Looking out over the harbor from which it was so often bombarded, this solid pile on the edge of the sea was built by the Portuguese over many years, commencing in 1593, and is the only genuine sight in Mombasa. Ironically, while the fortress was meant to symbolize Portuguese dominion over the Indian Ocean, it was built at a time when a Spaniard, Philip II, sat on the Portuguese throne, and it was designed by an Italian military architect named Cairati (working under his Portuguese nom de plume, João Batista Cairato).

His final commission, this was undoubtedly Cairati's finest achievement, incorporating High Renaissance ideas about the link between architecture and the symmetrical unity of the human form. Built directly onto a coral rock platform, the shape of the fort can be compared to a torso (the central portion) with four limbs (the bastions) and a seaward-facing head (the outworks). The design anticipated a shortage of manpower and was meant to disguise any evidence of this from potential attackers. The inherent simplicity of the classical form thus served to make the fort look a lot more imposing and indestructible than might have been the case.

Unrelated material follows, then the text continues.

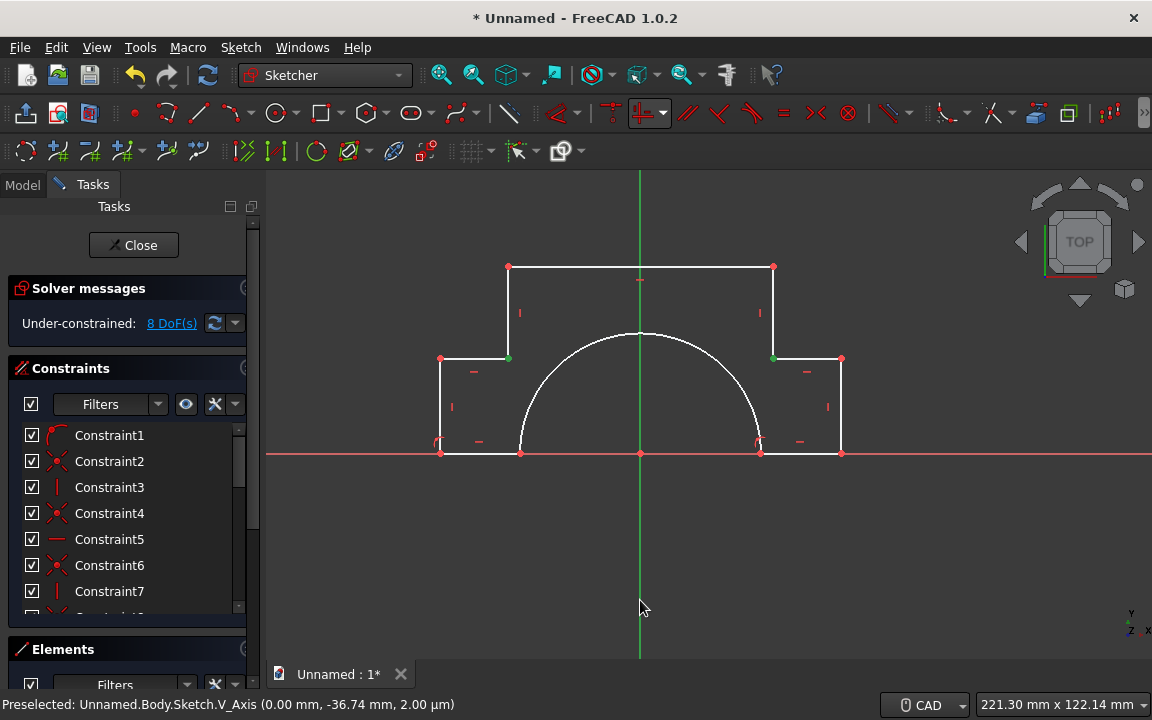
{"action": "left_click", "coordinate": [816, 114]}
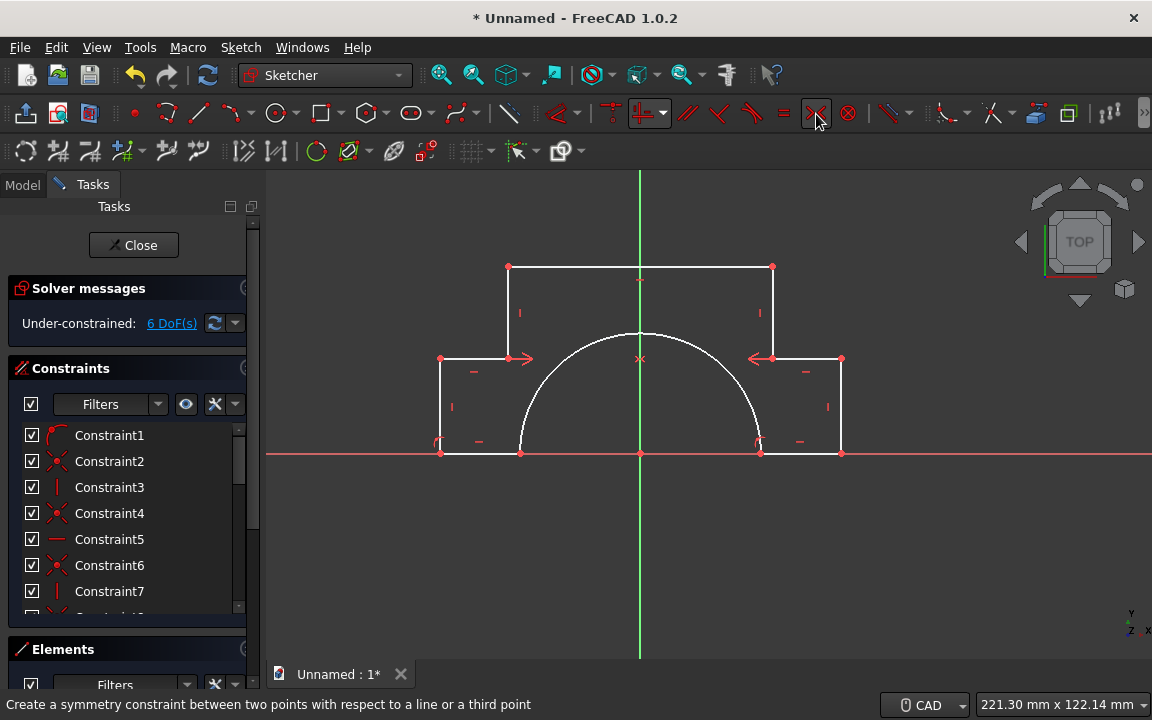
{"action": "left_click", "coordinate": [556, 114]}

Quite impenetrable by cannon fire, the fort left Portuguese control only after a 33-month siege by Omani forces; by the end of a brutal, long-winded struggle, an estimated 6,500 men, women, and children had lost their lives either in combat or to disease. At one stage, when reinforcements arrived, it was found that the fort had been under the defense of a young sheikh with a small band of Swahili soldiers and a mob of 50 women who had been trained to use muskets. When the British protectorate was proclaimed in July 1895, the fort was converted into a prison. It's been a national monument since 1958. Across the street is the Mazrui Graveyard, where the sheikhs who lived in the Fort and ruled the town autonomously from 1741 to 1837 are buried.